Figure 6. Long term treatment with Cytochalasin D and colchicine abolished small G protein-dependent increases in ENaC activity.

A–C, Summary graphs of amiloride-sensitive current density at −80 mV for CHO cells expressing either mENaC alone or coexpressed with small GTPases RhoA (A), Rac1 (B) or Rab11 (C) in the absence and presence of treatment with CytD (10 µg/ml; 2 hrs) or colchicine (500 µM; 2 hrs). The number of observations for each group is shown. *, versus ENaC alone. ^#, versus corresponding small G protein.

Figure 7. Cytochalasin D decreases ENaC activity when the channel coexpressed with RhoA.

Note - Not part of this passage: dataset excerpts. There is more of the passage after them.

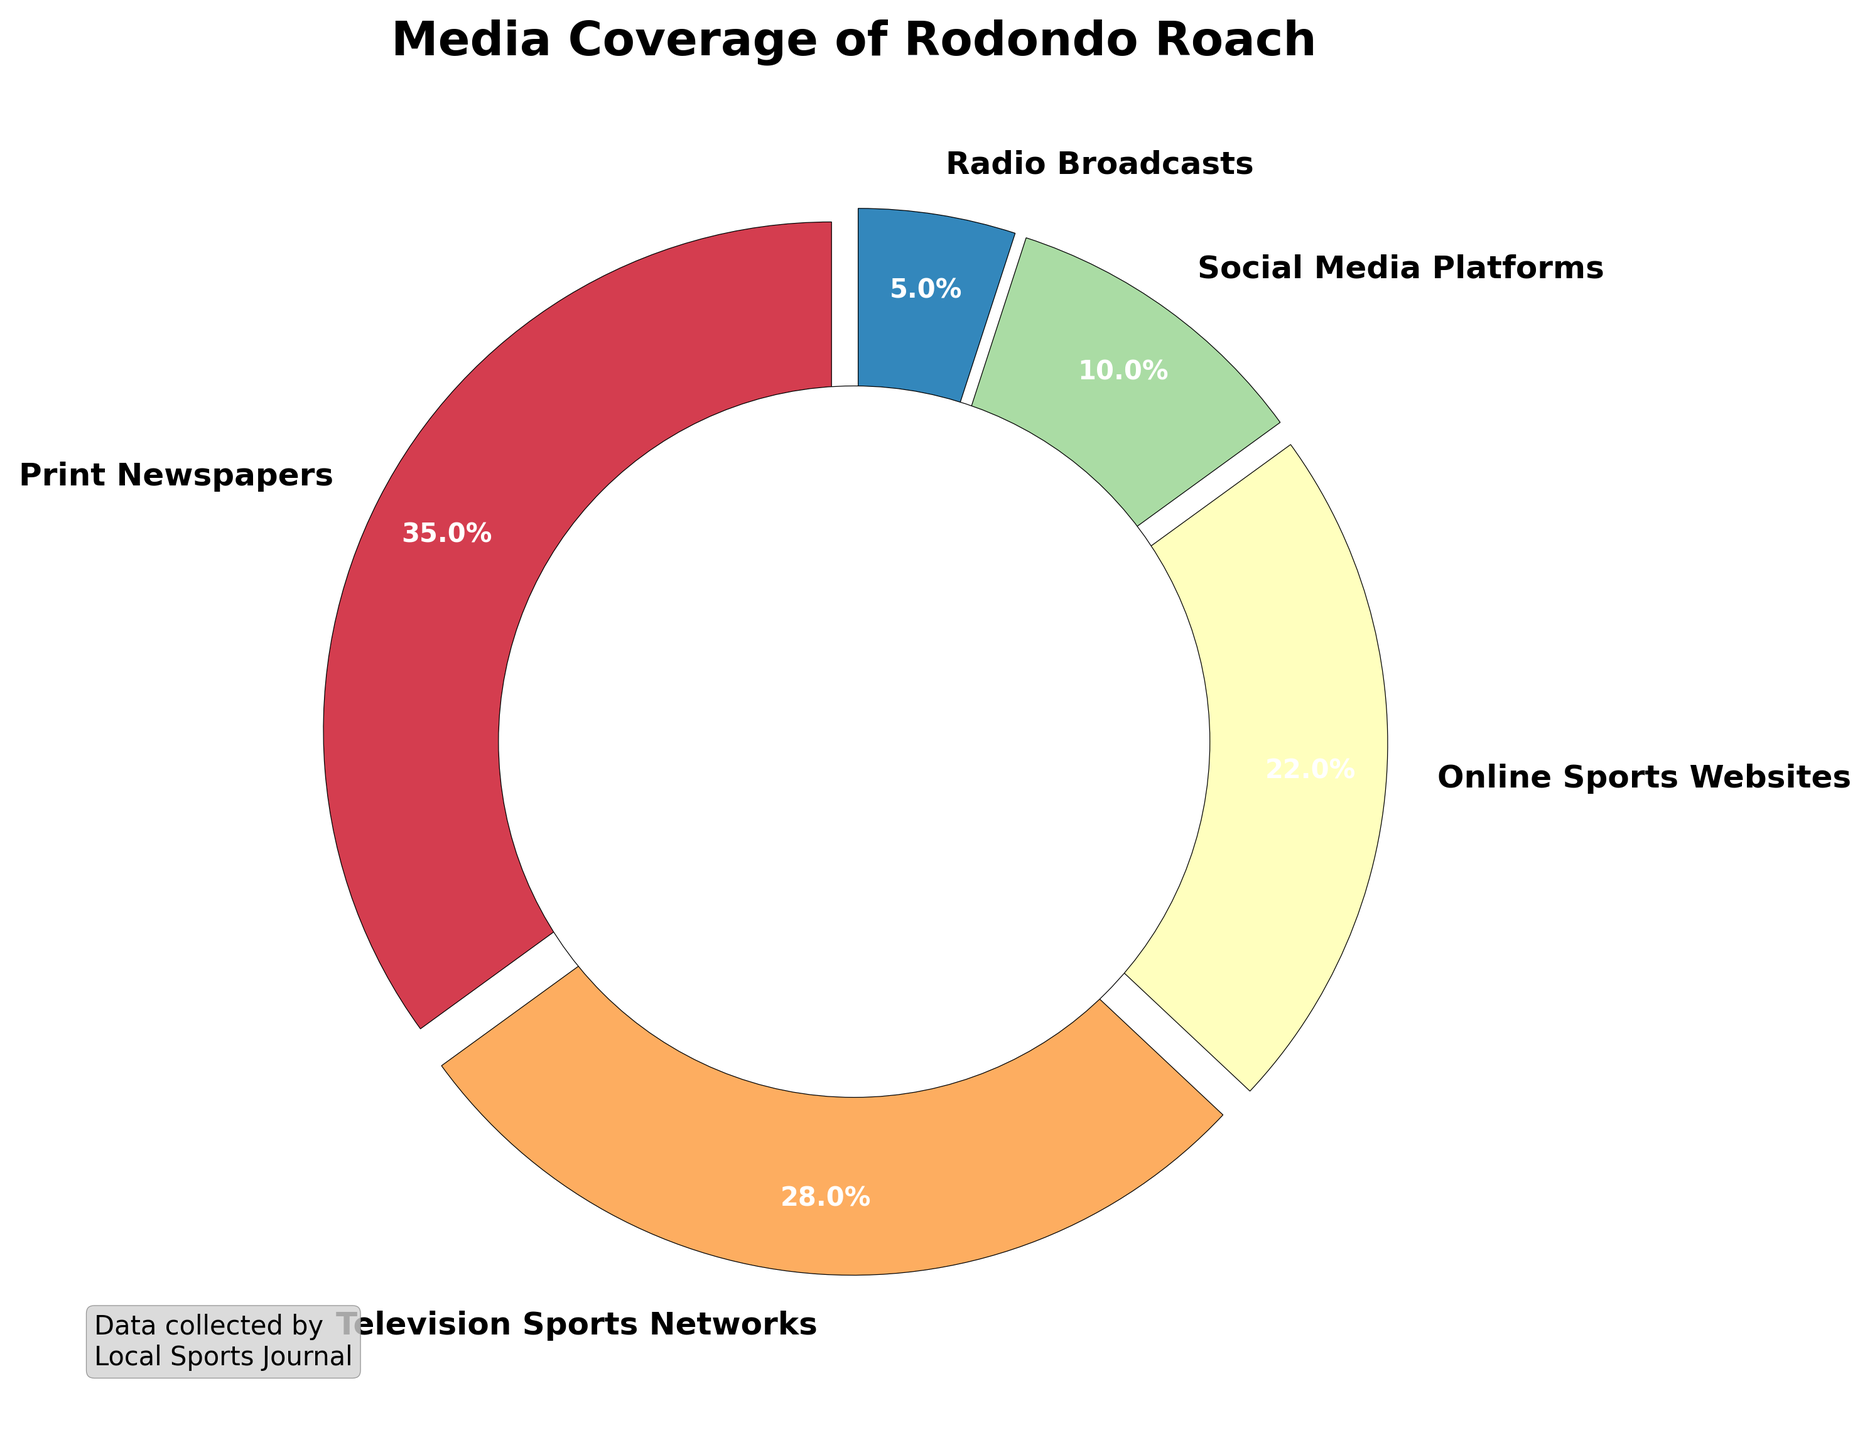What percentage of media coverage featuring Rodondo Roach is through Television Sports Networks? The segment labeled "Television Sports Networks" shows 28%. This is directly readable from the pie chart.
Answer: 28% What is the combined percentage of media coverage from Print Newspapers and Online Sports Websites? Print Newspapers account for 35% and Online Sports Websites account for 22%. Adding these together: 35% + 22% = 57%.
Answer: 57% Which media type has the smallest proportion of coverage featuring Rodondo Roach? The smallest segment on the pie chart is labeled "Radio Broadcasts," which shows 5%.
Answer: Radio Broadcasts How much more coverage does Print Newspapers have compared to Social Media Platforms? Print Newspapers cover 35%, while Social Media Platforms cover 10%. The difference is 35% - 10% = 25%.
Answer: 25% What is the proportion of media coverage from sources other than Television Sports Networks and Print Newspapers? First, add the percentages of Television Sports Networks and Print Newspapers: 28% + 35% = 63%. Subtract this from 100%: 100% - 63% = 37%.
Answer: 37% If the coverage from Social Media Platforms doubles, what would be the new total percentage for Social Media Platforms? If the original coverage from Social Media Platforms is 10%, doubling it would be 10% x 2 = 20%.
Answer: 20% Is the combined media coverage from traditional media (Print Newspapers, Television Sports Networks, Radio Broadcasts) greater than the combined coverage from digital media (Online Sports Websites, Social Media Platforms)? Traditional media add up to: 35% (Print) + 28% (TV) + 5% (Radio) = 68%. Digital media add up to: 22% (Online) + 10% (Social) = 32%. 68% > 32%.
Answer: Yes By what factor is the coverage from Television Sports Networks greater than that from Radio Broadcasts? Television Sports Networks cover 28% while Radio Broadcasts cover 5%. The factor is 28% / 5% = 5.6.
Answer: 5.6 Which segment—Online Sports Websites or Social Media Platforms—has a visually larger area in the pie chart? The section labeled "Online Sports Websites" is larger than the section labeled "Social Media Platforms" which is indicated by the percentages 22% for Online Sports Websites versus 10% for Social Media Platforms.
Answer: Online Sports Websites What is the average percentage coverage across all the media types? The percentages are: 35%, 28%, 22%, 10%, and 5%. Adding them gives 35 + 28 + 22 + 10 + 5 = 100%. There are 5 data points, so the average is 100% / 5 = 20%.
Answer: 20% 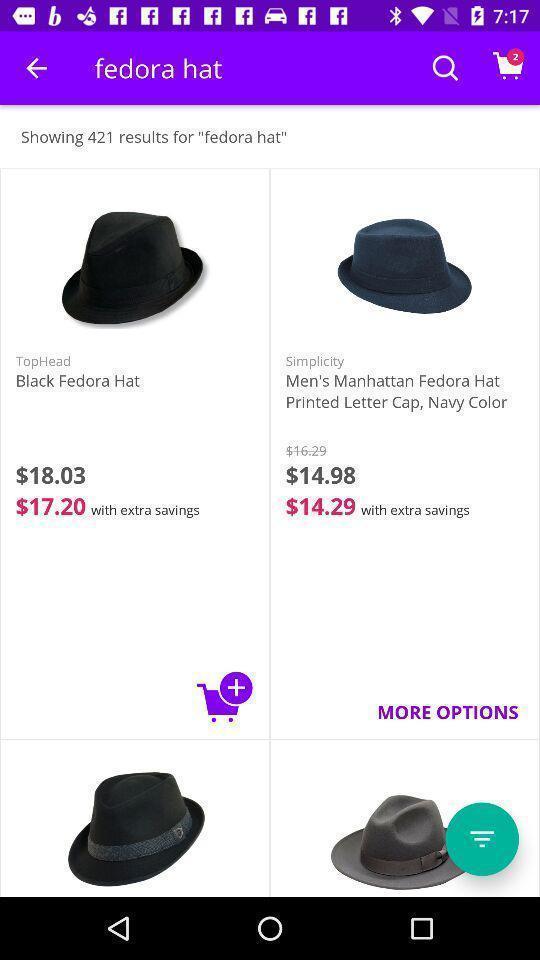Tell me what you see in this picture. Screen displaying list of hats on a shopping app. 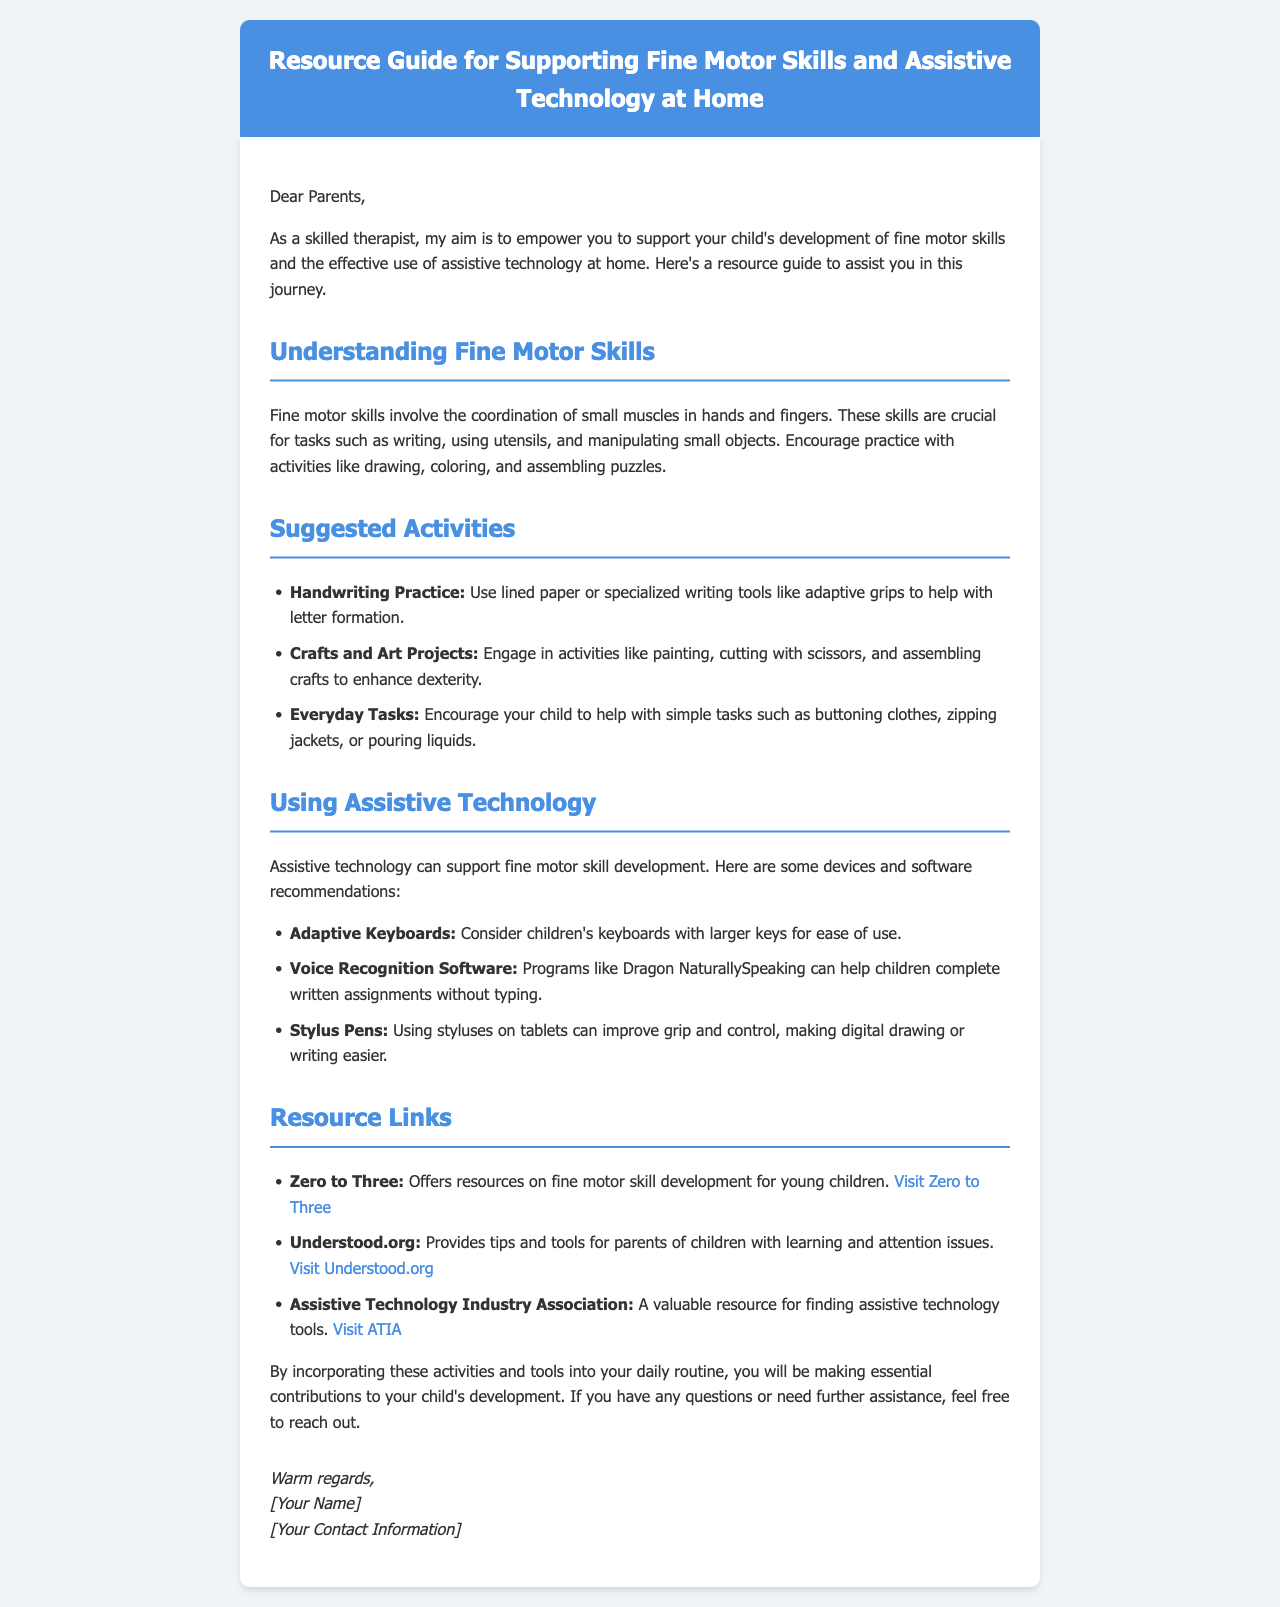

A, Summary graph of macroscopic amiloride-sensitive current density for CHO cells expressing either mENaC alone (ENaC) or coexpressing constitutively active RhoA^G14V (+RhoA) before and after treatment with CytD (10 µg/ml; 10 min). The number of observations for each group is shown. B, Continuous current trace from a representative cell-attached patch in HEK293 cells coexpressing α-, β- and γ- mENaC subunits and RhoA^G14V before and after treatment with CytD. Areas before (I) and after (II, III) treatment are shown below with an expanded time scale. This patch was held at a −60 mV test potential during the course of the experiment. “c” and “o_i” denote closed and open current levels, respectively. C, Summary graph of NP_o in cell-attached patches from HEK293 cells coexpressing mENaC and RhoA^G14V before and after treatment with CytD for 10 min. *, versus untreated cells.